IDXChannel - Menteri Kehutanan (Menhut) Raja Juli Antoni menyebut kemampuan Indonesia mengendalikan kebakaran hutan dan lahan (karhutla) terus menunjukkan perbaikan dalam beberapa siklus El Nino terakhir.
Kendati demikian, data ini tidak boleh menjadikan Indonesia lengah karena ancaman karhutla pada periode El Nino 2026-2027 masih cukup besar.
Menhut menjelaskan, luas Karhutla saat El Nino terus menunjukkan tren penurunan.

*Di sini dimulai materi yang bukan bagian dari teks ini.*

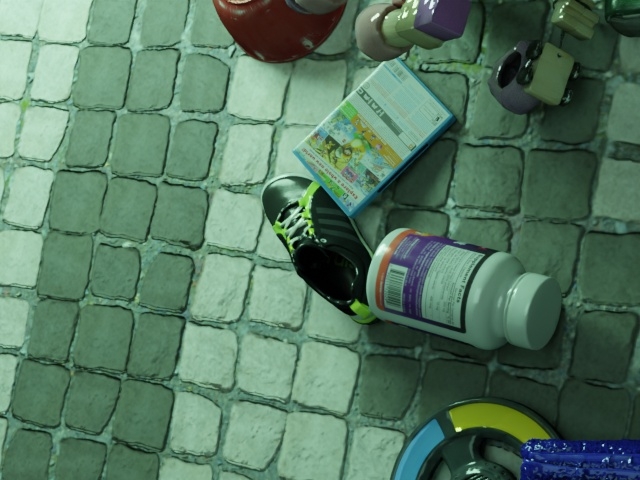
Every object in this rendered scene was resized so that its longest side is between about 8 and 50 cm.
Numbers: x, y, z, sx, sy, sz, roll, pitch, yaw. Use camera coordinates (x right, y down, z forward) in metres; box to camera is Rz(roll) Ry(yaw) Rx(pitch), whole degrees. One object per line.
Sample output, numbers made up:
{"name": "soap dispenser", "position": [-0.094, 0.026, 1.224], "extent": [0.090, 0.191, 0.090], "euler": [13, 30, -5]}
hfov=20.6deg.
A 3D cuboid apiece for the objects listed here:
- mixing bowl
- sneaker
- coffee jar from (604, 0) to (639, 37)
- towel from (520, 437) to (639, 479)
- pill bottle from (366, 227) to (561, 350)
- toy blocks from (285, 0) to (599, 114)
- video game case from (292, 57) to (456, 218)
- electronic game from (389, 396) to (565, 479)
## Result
{"name": "mixing bowl", "position": [-0.065, -0.312, 2.113], "extent": [0.181, 0.098, 0.181], "euler": [-6, 78, 30]}
{"name": "sneaker", "position": [0.000, 0.000, 2.010], "extent": [0.084, 0.097, 0.234], "euler": [-49, 60, 14]}
{"name": "coffee jar", "position": [0.345, -0.313, 1.861], "extent": [0.079, 0.096, 0.184], "euler": [-3, 79, 28]}
{"name": "towel", "position": [0.340, 0.305, 1.731], "extent": [0.308, 0.076, 0.227], "euler": [-3, 78, 23]}
{"name": "pill bottle", "position": [0.156, 0.057, 1.897], "extent": [0.193, 0.108, 0.108], "euler": [15, 88, 32]}
{"name": "toy blocks", "position": [0.128, -0.319, 1.957], "extent": [0.260, 0.309, 0.288], "euler": [-4, 63, 64]}
{"name": "video game case", "position": [0.061, -0.121, 2.032], "extent": [0.166, 0.015, 0.119], "euler": [-44, 61, 7]}
{"name": "electronic game", "position": [0.173, 0.281, 1.878], "extent": [0.229, 0.048, 0.229], "euler": [-7, 77, 30]}

Pada El Nino 2015, luas karhutla tercatat sekitar 2,61 juta hektare, turun menjadi 1,64 juta hektare pada 2019, dan kembali menurun menjadi sekitar 1,16 juta hektare pada 2023.
“Jika kita melihat perjalanan penanganan kebakaran hutan dan lahan dalam beberapa siklus El Nino terakhir, ada satu hal yang patut kita syukuri, kemampuan kita dalam mengendalikan karhutla terus menunjukkan perbaikan,” kata Menhut dalam Rapat Koordinasi Khusus Pengendalian Karhutla Tahun 2026 di Jakarta, Kamis (18/6/2026).
Dalam dua siklus El Nino terakhir, luas karhutla berhasil ditekan hingga 55,6 persen dibandingkan kondisi tahun 2015. Menurut dia, capaian tersebut merupakan hasil kolaborasi yang kuat antar berbagai pihak, mulai dari BMKG, BNPB, TNI-Polri, pemerintah daerah, Manggala Agni, Masyarakat Peduli Api, hingga seluruh masyarakat.
“Karhutla bukan semata persoalan kehutanan, bukan semata persoalan lingkungan hidup, dan bukan hanya persoalan daerah tertentu. Karhutla adalah masalah bersama yang dampaknya dirasakan oleh seluruh bangsa,” ujarnya.